To calculate the torsional stiffness, \(J\), of an arbitrary section, area \(A\), find a function \(\varphi\), such that everywhere:
\[ \frac{\partial^{2}\varphi}{\partial x^{2}} + \frac{\partial^{2}\varphi}{\partial y^{2}} + 1 = 0\label{a}\tag{Eq.1} \]
and on the external boundary:
\[ \varphi = 0\label{b}\tag{Eq.2} \]
and on every internal boundary:
\[\oint_{}^{}{\frac{\partial\varphi}{\partial n}\operatorname{ds} = A_{e}}\]
where \(n\) and \(s\) are co-ordinate axes normal and tangent to the boundary respectively, and \(A_{e}\) is the area enclosed by the internal boundary, then:
\[ J = 4\int_{A}^{}{\varphi\operatorname{dA}}\label{c}\tag{Eq.3} \]
As there are very few closed solutions to the above equations, we will find an approximate solution using the finite difference method.
Consider a square with sides 1, broken down into a 10x10 grid. The second derivative at each point can be approximated in terms of the value at that point and the four surrounding points by using the finite difference method:
\[ \frac{\partial^{2}\varphi}{\partial x^{2}} \approx \frac{\varphi_{1} - {2\varphi}_{0} + \varphi_{2}}{\delta^{2}} \]

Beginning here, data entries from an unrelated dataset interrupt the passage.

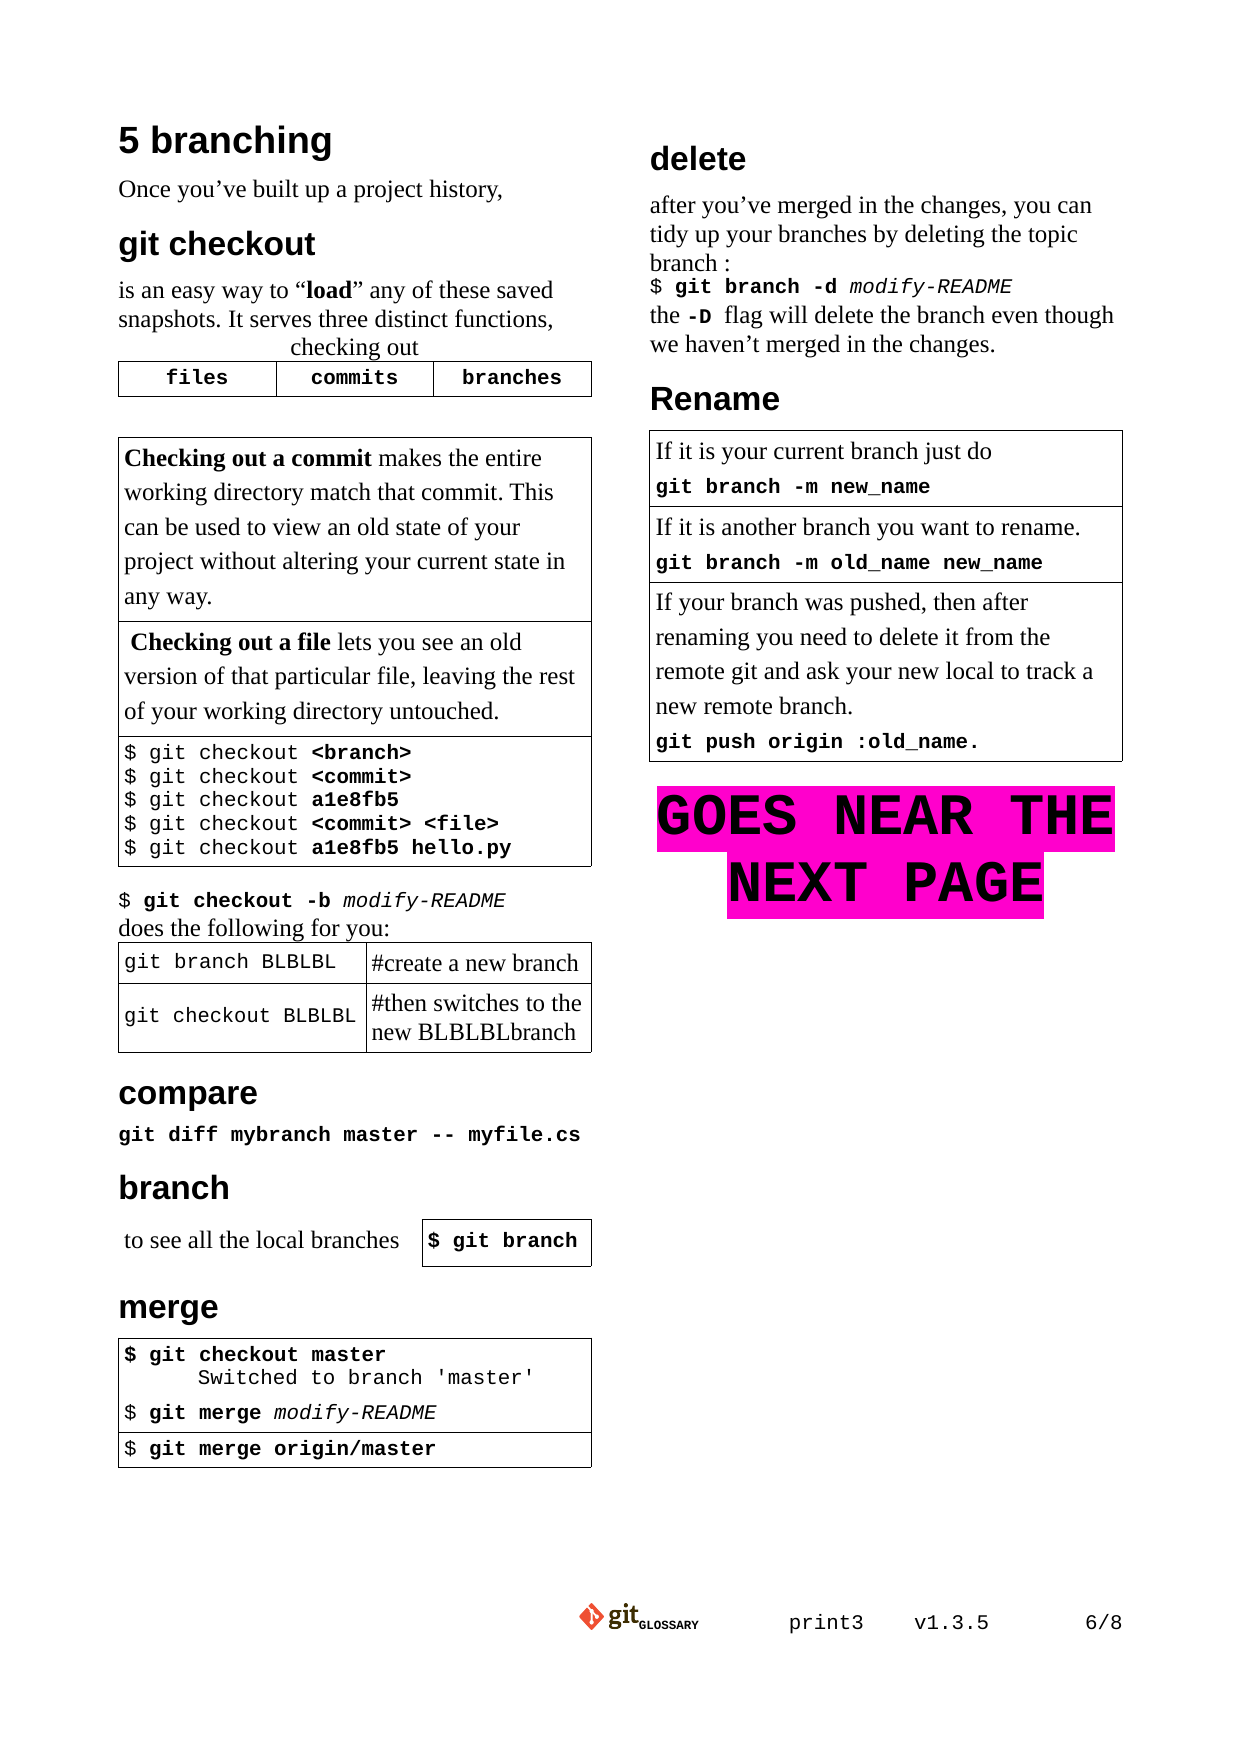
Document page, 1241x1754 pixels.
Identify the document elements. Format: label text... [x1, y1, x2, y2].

table_header git branch BLBLBL [119, 943, 366, 983]
subtitle delete [649, 139, 1122, 178]
subtitle Rename [649, 379, 1122, 418]
table_cell #then switches to the new BLBLBLbranch [367, 984, 591, 1052]
table_cell If it is another branch you want to rename. git branch -m old_name new_name [650, 507, 1122, 582]
picture [579, 1603, 639, 1630]
table_cell Checking out a file lets you see an old version of that particular file, leaving the rest of your working directory untouched. [119, 622, 591, 736]
table_header Checking out a commit makes the entire working directory match that commit. This can be used to view an old state of your project without altering your current state in any way. [119, 438, 591, 621]
table_header branches [434, 362, 591, 396]
table_header to see all the local branches [118, 1219, 422, 1266]
table_cell $ git checkout <branch> $ git checkout <commit> $ git checkout a1e8fb5 $ git checkout <commit> <file> $ git checkout a1e8fb5 hello.py [119, 737, 591, 866]
text after you’ve merged in the changes, you can tidy up your branches by deleting the topic branch : [649, 190, 1122, 276]
text does the following for you: [118, 913, 591, 942]
subtitle git checkout [118, 224, 591, 262]
text is an easy way to “load” any of these saved snapshots. It serves three distinct functions, [118, 275, 591, 332]
text checking out [118, 332, 591, 361]
text $ git branch -d modify-README [649, 276, 1122, 300]
table_header files [119, 362, 276, 396]
text git diff mybranch master -- myfile.cs [118, 1124, 591, 1147]
text the -D flag will delete the branch even though we haven’t merged in the changes. [649, 300, 1122, 358]
table_cell $ git merge origin/master [119, 1433, 591, 1467]
text Once you’ve built up a project history, [118, 174, 591, 203]
subtitle branch [118, 1168, 591, 1207]
subtitle GOES NEAR THE NEXT PAGE [649, 786, 1122, 919]
table_header commits [277, 362, 433, 396]
subtitle 5 branching [118, 118, 591, 162]
table_header $ git checkout master Switched to branch 'master' [119, 1339, 591, 1397]
table_cell git checkout BLBLBL [119, 984, 366, 1052]
subtitle merge [118, 1287, 591, 1325]
table_cell $ git merge modify-README [119, 1397, 591, 1432]
table_header $ git branch [423, 1220, 591, 1266]
text $ git checkout -b modify-README [118, 890, 591, 913]
table_header #create a new branch [367, 943, 591, 983]
table_header If it is your current branch just do git branch -m new_name [650, 431, 1122, 506]
subtitle compare [118, 1073, 591, 1111]
table_cell If your branch was pushed, then after renaming you need to delete it from the remote git and ask your new local to track a new remote branch. git push origin :old_name. [650, 583, 1122, 761]

Thus, \(\ref{a}\) can be rewritten as follows:
\[\frac{\varphi_{1} - {2\varphi}_{0} + \varphi_{2}}{\delta^{2}} + \frac{\varphi_{3} - {2\varphi}_{0} + \varphi_{4}}{\delta^{2}} + 1 = 0\]

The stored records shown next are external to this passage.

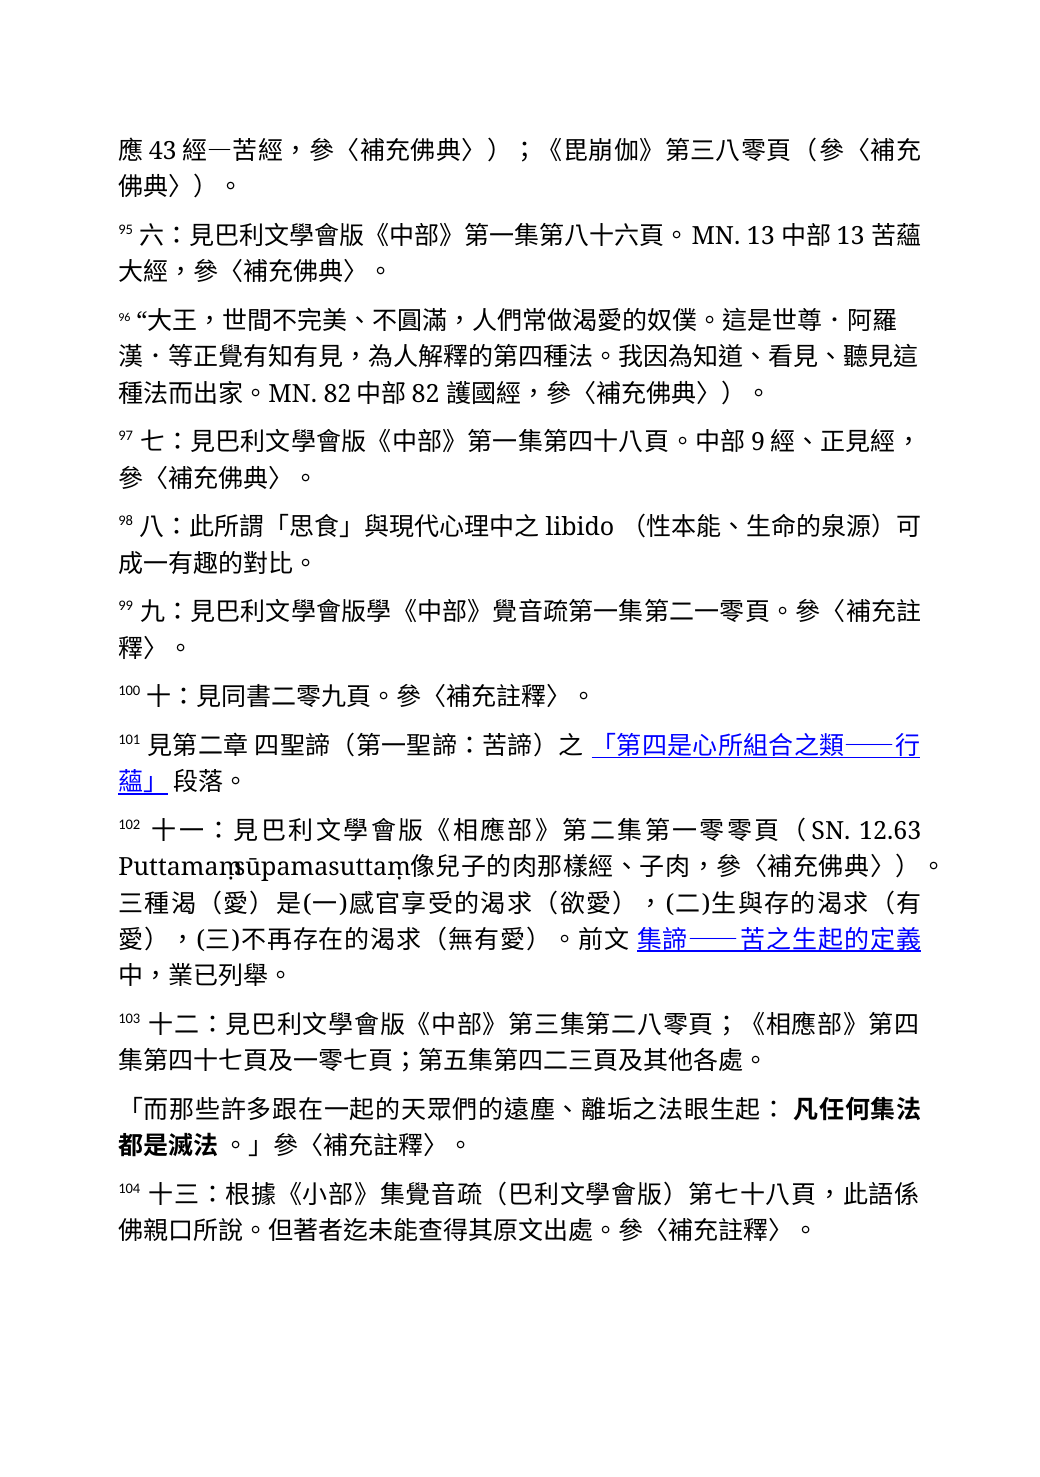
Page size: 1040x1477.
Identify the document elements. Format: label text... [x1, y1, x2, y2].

text 十三：根據《小部》集覺音疏（巴利文學會版）第七十八頁，此語係佛親口所說。但著者迄未能查得其原文出處。參〈補充註釋〉。 [118, 1174, 921, 1247]
text 「而那些許多跟在一起的天眾們的遠塵、離垢之法眼生起： 凡任何集法都是滅法 。」參〈補充註釋〉。 [118, 1089, 921, 1162]
text “大王，世間不完美、不圓滿，人們常做渴愛的奴僕。這是世尊．阿羅漢．等正覺有知有見，為人解釋的第四種法。我因為知道、看見、聽見這種法而出家。MN. 82中部82 護國經，參〈補充佛典〉）。 [118, 301, 921, 409]
text 六：見巴利文學會版《中部》第一集第八十六頁。MN. 13 中部13 苦蘊大經，參〈補充佛典〉。 [118, 216, 921, 288]
text 十：見同書二零九頁。參〈補充註釋〉。 [118, 677, 921, 713]
text 七：見巴利文學會版《中部》第一集第四十八頁。中部9經、正見經，參〈補充佛典〉。 [118, 422, 921, 494]
text 十一：見巴利文學會版《相應部》第二集第一零零頁（SN. 12.63 Puttamaṃsūpamasuttaṃ 像兒子的肉那樣經、子肉，參〈補充佛典〉）。三種渴（愛）是(一)感官享受的渴求（欲愛），(二)生與存的渴求（有愛），(三)不再存在的渴求（無有愛）。前文 集諦——苦之生起的定義 中，業已列舉。 [118, 811, 921, 992]
text 應43經—苦經，參〈補充佛典〉）；《毘崩伽》第三八零頁（參〈補充佛典〉）。 [118, 131, 921, 203]
text 十二：見巴利文學會版《中部》第三集第二八零頁；《相應部》第四集第四十七頁及一零七頁；第五集第四二三頁及其他各處。 [118, 1004, 921, 1077]
text 八：此所謂「思食」與現代心理中之 libido （性本能、生命的泉源）可成一有趣的對比。 [118, 507, 921, 579]
text 九：見巴利文學會版學《中部》覺音疏第一集第二一零頁。參〈補充註釋〉。 [118, 592, 921, 664]
text 見第二章 四聖諦（第一聖諦：苦諦）之 「第四是心所組合之類——行蘊」 段落。 [118, 726, 921, 798]

Rearrange in terms of \(\varphi_{0}\)
\[\begin{align} \frac{1}{\delta^{2}}\left( \varphi_{1} + \varphi_{2} + \varphi_{3} + \varphi_{4} \right) + 1 & = \frac{4}{\delta^{2}}\varphi_{0} \\ \varphi_{0} & = \frac{\varphi_{1} + \varphi_{2} + \varphi_{3} + \varphi_{4} + \delta^{2}}{4} \end{align}\]

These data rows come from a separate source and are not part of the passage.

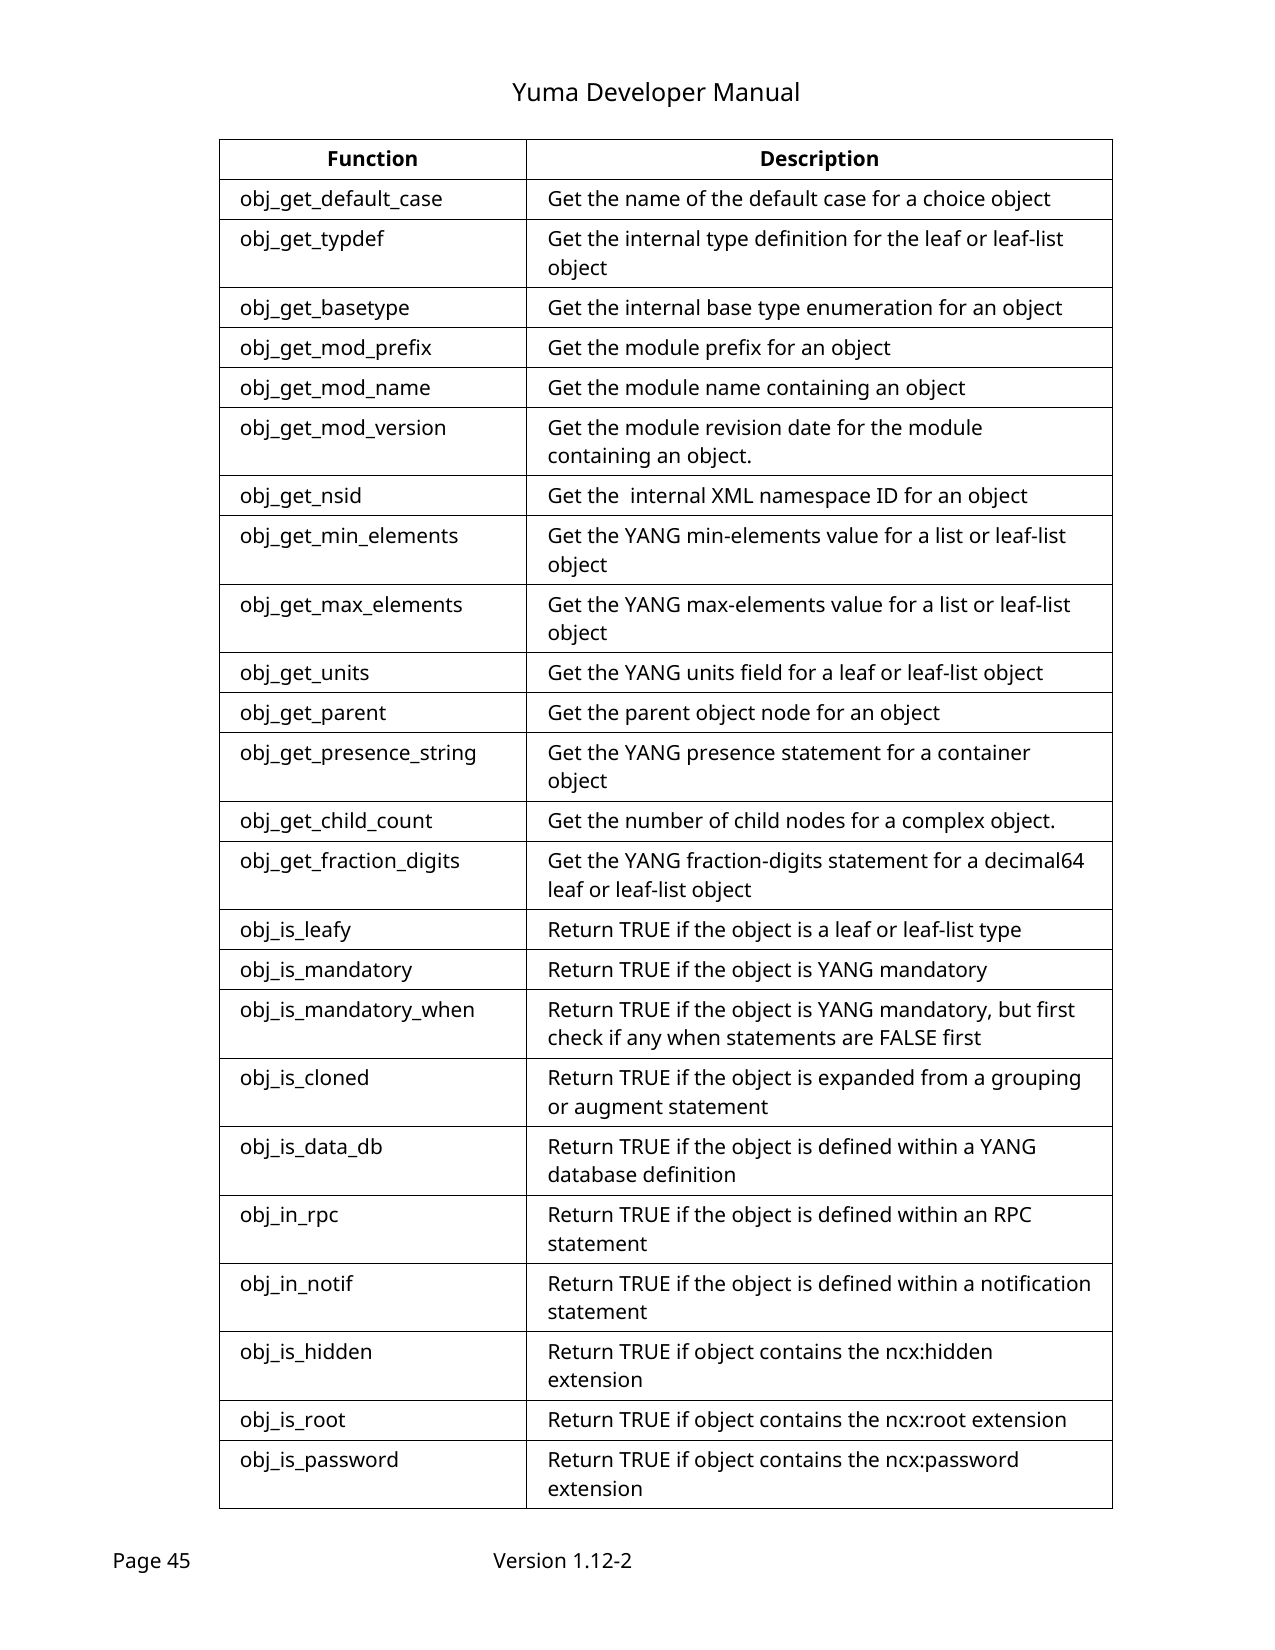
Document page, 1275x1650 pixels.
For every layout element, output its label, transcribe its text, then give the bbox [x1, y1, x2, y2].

table_cell obj_is_mandatory_when [220, 990, 526, 1058]
table_cell obj_get_mod_name [220, 368, 526, 407]
table_cell Return TRUE if the object is YANG mandatory, but first check if any when statements are FALSE first [527, 990, 1112, 1058]
table_cell obj_in_notif [220, 1264, 526, 1331]
table_cell Return TRUE if the object is defined within a notification statement [527, 1264, 1112, 1331]
table_cell Get the YANG min-elements value for a list or leaf-list object [527, 516, 1112, 584]
table_cell obj_in_rpc [220, 1196, 526, 1263]
table_header Function [220, 140, 526, 178]
table_cell Get the internal type definition for the leaf or leaf-list object [527, 220, 1112, 287]
table_cell obj_get_presence_string [220, 733, 526, 801]
table_cell obj_get_mod_version [220, 408, 526, 475]
table_cell Return TRUE if the object is defined within a YANG database definition [527, 1127, 1112, 1194]
table_cell Return TRUE if object contains the ncx:password extension [527, 1441, 1112, 1508]
table_cell Get the YANG fraction-digits statement for a decimal64 leaf or leaf-list object [527, 842, 1112, 909]
table_cell obj_get_basetype [220, 288, 526, 327]
table_cell Get the module revision date for the module containing an object. [527, 408, 1112, 475]
table_cell obj_get_max_elements [220, 585, 526, 652]
table_cell obj_get_child_count [220, 802, 526, 841]
table_cell obj_get_min_elements [220, 516, 526, 584]
table_cell Get the internal base type enumeration for an object [527, 288, 1112, 327]
table_cell obj_is_password [220, 1441, 526, 1508]
table_cell Return TRUE if the object is expanded from a grouping or augment statement [527, 1059, 1112, 1126]
table_cell Get the module prefix for an object [527, 328, 1112, 367]
table_cell obj_is_data_db [220, 1127, 526, 1194]
table_cell Return TRUE if the object is defined within an RPC statement [527, 1196, 1112, 1263]
table_cell Get the YANG presence statement for a container object [527, 733, 1112, 801]
table_cell obj_get_typdef [220, 220, 526, 287]
table_header Description [527, 140, 1112, 178]
table_cell Return TRUE if the object is a leaf or leaf-list type [527, 910, 1112, 949]
table_cell Get the internal XML namespace ID for an object [527, 476, 1112, 515]
table_cell Return TRUE if object contains the ncx:root extension [527, 1401, 1112, 1440]
table_cell Return TRUE if the object is YANG mandatory [527, 950, 1112, 989]
table_cell Get the parent object node for an object [527, 693, 1112, 732]
table_cell obj_get_nsid [220, 476, 526, 515]
table_cell Get the name of the default case for a choice object [527, 180, 1112, 218]
table_cell obj_is_hidden [220, 1332, 526, 1400]
table_cell Return TRUE if object contains the ncx:hidden extension [527, 1332, 1112, 1400]
table_cell obj_is_leafy [220, 910, 526, 949]
table_cell obj_get_fraction_digits [220, 842, 526, 909]
table_cell obj_get_mod_prefix [220, 328, 526, 367]
table_cell obj_is_mandatory [220, 950, 526, 989]
table_cell obj_get_units [220, 653, 526, 692]
table_cell obj_get_default_case [220, 180, 526, 218]
table_cell Get the YANG units field for a leaf or leaf-list object [527, 653, 1112, 692]
table_cell obj_is_root [220, 1401, 526, 1440]
table_cell obj_get_parent [220, 693, 526, 732]
table_cell Get the number of child nodes for a complex object. [527, 802, 1112, 841]
table_cell Get the module name containing an object [527, 368, 1112, 407]
table_cell Get the YANG max-elements value for a list or leaf-list object [527, 585, 1112, 652]
table_cell obj_is_cloned [220, 1059, 526, 1126]

Knowing from \(\ref{b}\) that the values of \(\varphi\) around the perimeter are all zero, we can iterate over all the internal grid intersections using this expression until all the values converge. One tool you can use for this is the iterative solver in Excel. If we set up our grid with the above formula (setting \(\delta = 0.1\)) in every internal cell, and set the perimeter cells to zero:
You will likely get a circular reference warning, in which case go to File > Options > Formula and tick "Enable iterative calculations". You can press F9 to keep iterating further.
\(\ref{c}\) tells us that \(J\) is equal to the product of \(4\delta^{2}\) and the sum of all the values in the table or 0.136, compared to a data book value of 0.141. This method would converge on the correct value as you refine the grid.
This method is easily extended for sections that can be overlaid with a perfect square grid, but for other shapes you will need to either approximate the section using squares or reformulate the finite difference approximation for non-uniform \(\delta\) values.
This document is based on the principles of Chapter 10 and the Appendix of Theory of Elasticity by Timoshenko.